Abnormalities in esc2 strains are suppressed by deletion of MPH1. (A) Deletion of MPH1 suppresses URA3 mutagenesis at the TEL06R Tus/Ter barrier. Data were analysed as described in Figure 1C. (B) Deletion of MPH1 suppresses accumulation of X-shaped DNA in esc2 mutants. Genomic DNA was extracted at 75′ after G1 release, and BspHI-telomere fragments were analysed by 2DGE and Southern blotting using URA3- and TEL06R-specific probes (two probes together). The black arrow indicates unprocessed X-DNA in the esc2 mutant. Cell cycle profiles and quantification of the intensity of X-shaped DNA relative to that of the blocking spot are shown below. Quantifications were performed for three independent experiments, and error bars represent the standard deviation. (C) DNA was extracted from individual 5-FOA resistant clones and SalI-EcoNITEL06R fragments were analysed by 1DGE using probe 1 shown in Figure 4A. WT and esc2 clones are shown in the upper panels, while esc2 mph1 clones are shown in the lower panels. Markers (in kilobases) are as shown in Figure 4B. (D) Mutation types were identified at the TEL06R barrier in the mph1 (right) and esc2 mph1 (left) mutant.
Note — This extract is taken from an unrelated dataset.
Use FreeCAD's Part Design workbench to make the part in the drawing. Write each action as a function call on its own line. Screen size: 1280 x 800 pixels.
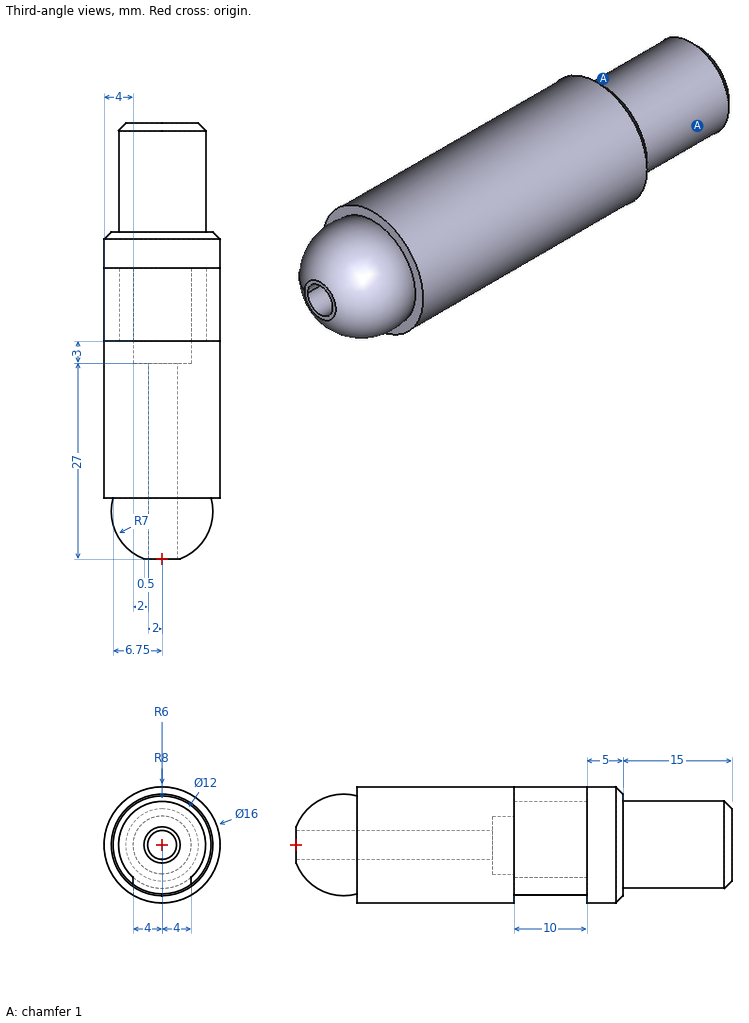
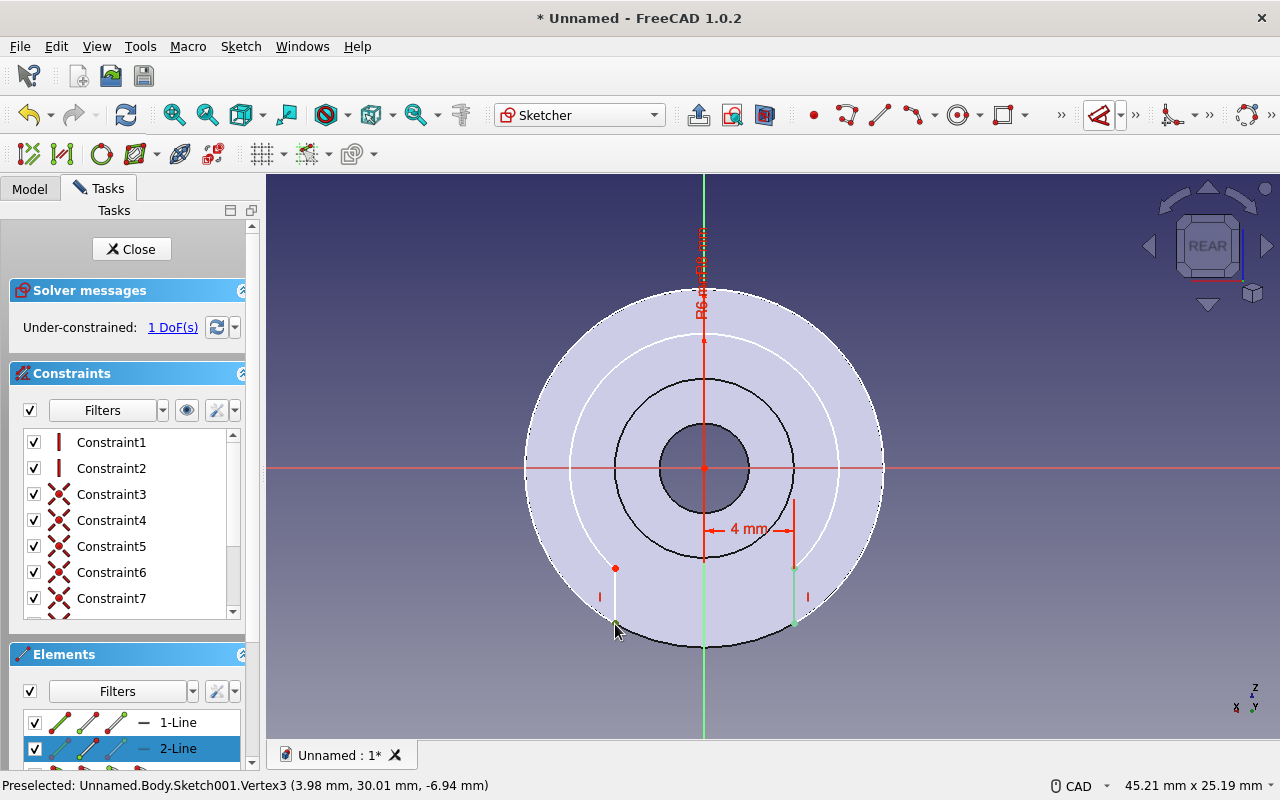
key(l)

The pie charts indicate the relative proportions of mutation types, as indicated in the key below. Data were obtained by restriction digest analysis and telomere tailing/sequencing. (E) The specific mutation rate for individual types of mutations was calculated. n = number of times a specific mutation type was observed. Colour coding corresponds to pie chart in (D).

Figure 7.

Model for repair of a telomeric stalled replication fork. A replication fork is stalled at the Tus/Ter barrier (top). Resection of the lagging strand followed by DNA replication resumption would leave a ssDNA gap behind the fork (depicted on the left). The gap can be filled by post-replicative HR mediated by the Rad51 and Rad52 proteins amongst others. Deletions may arise via non-allelic HR repair of the ssDNA gap, in a process that is counteracted by Sgs1’s ability to disrupt aberrant strand invasion events. Alternatively, extended or prolonged fork regression might occur that is mediated by Mph1 (depicted on the right). Binding of Telomerase and the addition of telomeric repeats to the regressed fork could create a recombinogenic substrate that engages in HR with the telomeric repeats downstream of the Ter sites. Resolution of this HR intermediate would result in the observed telomere-proximal truncations observed in esc2 mutants. Large structural rearrangements could arise if unresolved HR intermediates are carried into mitosis and undergo chromosome breakage. Loss of Esc2 is proposed to lead to dysregulation of Mph1 activity, resulting in more extensive fork regression. Srs2 might normally serve to prevent HR intermediates from being processed correctly, with the result that srs2 cells funnel intermediates preferentially down the left branch of the pathway.